Pour l’un et l’autre, l’art est le meilleur médiateur entre la réalité et la vision. Conjuguant magie et désir, il opère la réalisation fantasmatique d’une satisfaction impossible ou problématique. « J’ai toujours trouvé le cinéma diabolique, précise Kenneth Anger. Mes films ont avant tout à voir avec la sexualité des gens. La raison que j’ai de faire des films n’a rien à voir avec le « cinéma » : c’est une excuse transparente pour capturer les gens, une manière de dire « Viens voir mes estampes »… Ainsi, je me considère comme faisant œuvre de Mal dans un médium diabolique ». Ailleurs, il insiste sur l’identité de la magie et du cinéma. « Ils sont réellement la même chose. Faire un film est comme jeter un sort. »

De là son intérêt, très développé dans les années 1960, pour les cultes modernes — la moto, les voitures customisées — avec leurs rituels, leurs symboles, leurs pratiques associatives et exclusives. Anger décrit le culte comme « l’incarnation présente de la sorcellerie »… Il explique que sa fascination pour la magie et la fantaisie « au point où elles rencontrent la réalité » est ce qui l’a conduit à étudier divers cultes américains… « C’est avec les cultes ados que la magie fait surface dans le monde contemporain. » Le culte est le point de jonction de la magie ou de l’imaginaire avec la réalité.. Des adolescents californiens — surfers, rockers, acid freaks, et surtout adeptes du tuning —, il dit : « Ils vivent réellement dans un rêve. »

Il n’est pas étonnant que Beckford et Anger soient eux-mêmes devenus des figures de culte, car le rêve est contagieux : à vivre dans le rêve, on devient le rêve d’un autre. Ainsi ont-ils gagné leur pari, à titre posthume, même s’ils ne sont, ni l’un ni l’autre, tout à fait morts : l’art qu’ils ont produit est bien leur talisman. « Un talisman était un papier tue-mouches essayant d’attraper un esprit… Le tout est d’avoir l’image de quelqu’un pour le contrôler. Si on est fou d’amour, ça devient compréhensible. Tout crime se justifie au nom de l’Amour. En fait, ça n’a pas à être un « crime » : Tout se justifie au nom de l’Amour. »

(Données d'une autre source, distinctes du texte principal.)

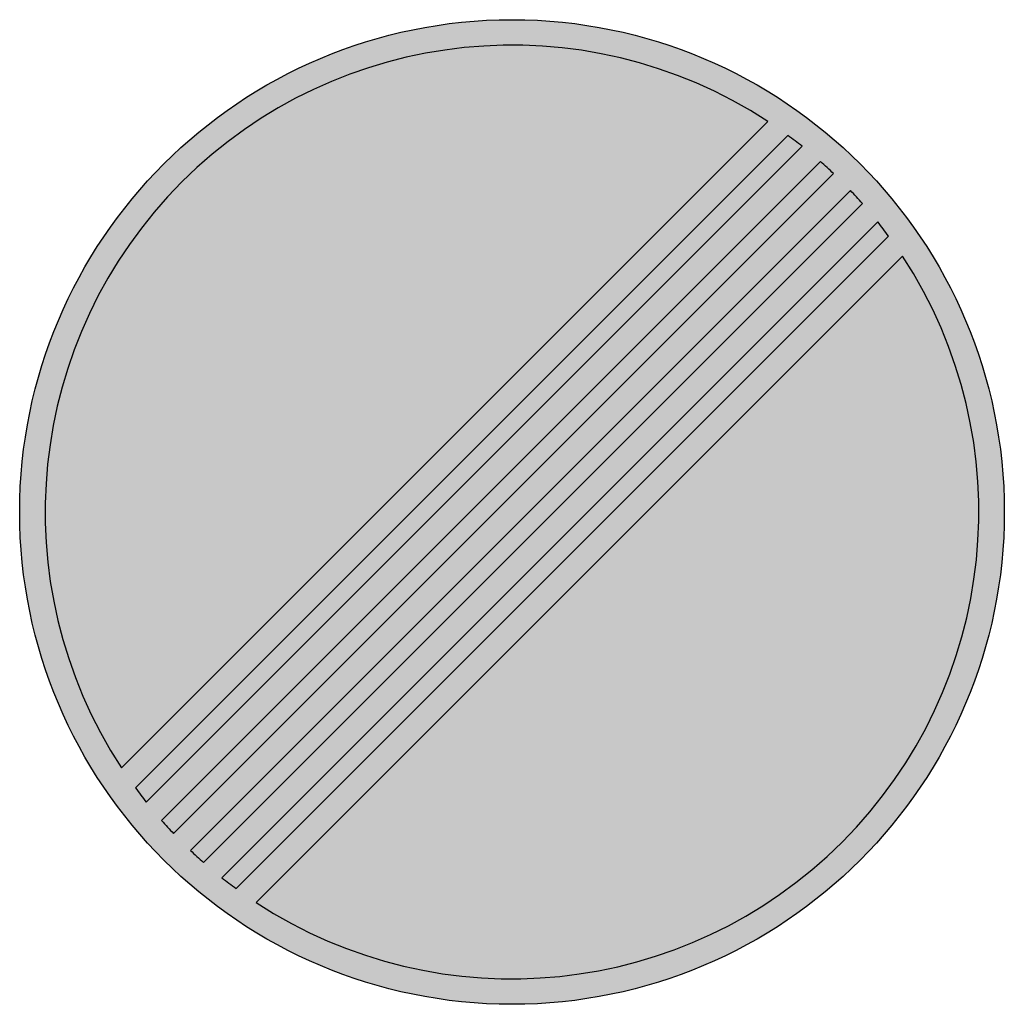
# Model space of a CAD drawing. Header units: metres. Extents: x -0.002 to 0.002, y -0.002 to 0.002.
import ezdxf

# ---------------------------------------------------------------- set-up
doc = ezdxf.new("R2010")
doc.units = ezdxf.units.M
doc.layers.add('VKZ_282-00_flf', color=7, linetype='Continuous', true_color=0xffffff)
doc.layers.add('VKZ_282-00_sym', color=7, linetype='Continuous')

msp = doc.modelspace()

# ---------------------------------------------------------------- hatches: boundary and pattern name
at = {"layer": 'VKZ_282-00_flf'}
h = msp.add_hatch(color=256, dxfattribs=at)
h.dxf.hatch_style = 1
h.paths.add_polyline_path([(0.001039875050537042, 0.001586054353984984, 0.8134072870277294), (-0.001586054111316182, -0.001039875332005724)])
h.paths.add_polyline_path([(0.001586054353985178, 0.001039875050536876), (-0.00103987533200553, -0.001586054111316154, 0.8134072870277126)])
h = msp.add_hatch(color=256, dxfattribs=at)
h.dxf.hatch_style = 1
h.paths.add_polyline_path([(0.001530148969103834, 0.001120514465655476, 0.009632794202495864), (0.001485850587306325, 0.001178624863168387), (-0.001178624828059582, -0.001485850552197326, 0.009632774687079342), (-0.001120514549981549, -0.001530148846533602)])
h.paths.add_polyline_path([(0.00142368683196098, 0.001253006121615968, 0.009555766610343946), (0.001374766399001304, 0.001306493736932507), (-0.001306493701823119, -0.001374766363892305, 0.009555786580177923), (-0.001253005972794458, -0.001423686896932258)])
h.paths.add_polyline_path([(0.001306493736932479, 0.001374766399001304, 0.009555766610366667), (0.001253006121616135, 0.00142368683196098), (-0.001423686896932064, -0.001253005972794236, 0.009555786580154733), (-0.001374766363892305, -0.001306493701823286)])
h.paths.add_polyline_path([(0.001178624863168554, 0.001485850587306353, 0.009632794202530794), (0.001120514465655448, 0.001530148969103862), (-0.001530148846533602, -0.001120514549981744, 0.009632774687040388), (-0.001485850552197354, -0.001178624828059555)])
at = {"layer": 'VKZ_282-00_sym'}
h = msp.add_hatch(color=256, dxfattribs=at)
h.dxf.hatch_style = 1
h.paths.add_polyline_path([(-0.001999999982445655, 1.755451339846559e-11, 1), (0.002000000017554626, 1.755451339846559e-11, 1)])
h.paths.add_polyline_path([(-0.00103987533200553, -0.001586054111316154), (0.001586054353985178, 0.001039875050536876, -0.8134072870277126)], flags=16)
h.paths.add_polyline_path([(0.001530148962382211, 0.001120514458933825), (-0.001120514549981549, -0.001530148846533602, -0.00963277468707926), (-0.001178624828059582, -0.001485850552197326), (0.001485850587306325, 0.001178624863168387, -0.00963279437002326)], flags=16)
h.paths.add_polyline_path([(0.001423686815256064, 0.001253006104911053), (-0.001253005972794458, -0.001423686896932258, -0.00955578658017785), (-0.001306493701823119, -0.001374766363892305), (0.001374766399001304, 0.001306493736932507, -0.009555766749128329)], flags=16)
h.paths.add_polyline_path([(0.001306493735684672, 0.001374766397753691), (-0.001374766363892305, -0.001306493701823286, -0.009555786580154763), (-0.001423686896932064, -0.001253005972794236), (0.001253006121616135, 0.00142368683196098, -0.009555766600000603)], flags=16)
h.paths.add_polyline_path([(0.001178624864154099, 0.001485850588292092), (-0.001485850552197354, -0.001178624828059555, -0.00963277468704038), (-0.001530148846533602, -0.001120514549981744), (0.001120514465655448, 0.001530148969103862, -0.00963279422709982)], flags=16)
h.paths.add_polyline_path([(-0.001586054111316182, -0.001039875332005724), (0.001039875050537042, 0.001586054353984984, 0.8134072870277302)], flags=16)

# ---------------------------------------------------------------- linework, layer by layer
for p, q in [((-0.001586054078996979, -0.001039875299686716), (0.001039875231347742, 0.001586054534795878)), ((-0.001530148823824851, -0.001120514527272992), (0.001120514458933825, 0.001530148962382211)), ((0.00117862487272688, 0.001485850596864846), (-0.001485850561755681, -0.001178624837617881)), ((-0.001423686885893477, -0.001253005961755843), (0.00125300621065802, 0.001423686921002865)), ((0.001306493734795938, 0.001374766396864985), (-0.001374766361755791, -0.001306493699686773)), ((0.001374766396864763, 0.001306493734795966), (-0.001306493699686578, -0.001374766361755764)), ((-0.001253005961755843, -0.001423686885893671), (0.001423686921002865, 0.001253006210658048)), ((0.00148585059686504, 0.001178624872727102), (-0.001178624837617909, -0.001485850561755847)), ((-0.001120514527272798, -0.001530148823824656), (0.001530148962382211, 0.001120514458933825)), ((-0.001039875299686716, -0.001586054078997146), (0.00158605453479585, 0.001039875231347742))]:
    msp.add_line(p, q, dxfattribs=at)
msp.add_circle((1.755448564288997e-11, 1.755451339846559e-11), 0.002, dxfattribs=at)
for start, end in [(56.74967999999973, 213.250320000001), (51.57740800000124, 53.78501100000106), (46.45859900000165, 48.64856000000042), (41.35144000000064, 43.54140099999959), (36.21499299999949, 38.42259199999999), (236.7496799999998, 33.25031700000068), (216.2149959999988, 218.422592), (221.3514400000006, 223.5413969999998), (226.4586030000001, 228.6485600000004), (231.5774080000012, 233.7850189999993)]:
    msp.add_arc((1.755448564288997e-11, 1.755451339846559e-11), 0.001896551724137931, start, end, dxfattribs=at)

doc.saveas('drawing.dxf')

P.S. Je reviens sur la question soulevée au commencement de ce texte : n’est-il pas arbitraire de rapprocher ces deux lointaines et uniques figures ? Je me la suis posée au cours de ce travail, jusqu’à ce qu’en feuilletant de vieilles photocopies perdues au creux de ma mémoire, je retombe sur une auto-présentation de Kenneth Anger accompagnant le programme de ses films à la Film-maker’s Cinémathèque ; Anger y fait connaître son signalement astrologique et magique, ses caractéristiques (left-handed fanatic craftsman), son animal familier (la mangouste), sa politique (Reunion with England), ses nombreux hobbies, et nomme ses Héros : « Flash Gordon ; Lautréamont ; William Beckford ; Méliès ; Alfred C. Kinsey ; Aleister Crowley. » Anger et Beckford seraient-ils deux incarnations temporelles de la même force ? Je me demande toujours si Beckford a nommé Anger dans sa liste.

Notes

[2magick, magickal, magickian sont les graphies adoptées par Kenneth Anger à la suite d’Aleister Crowley.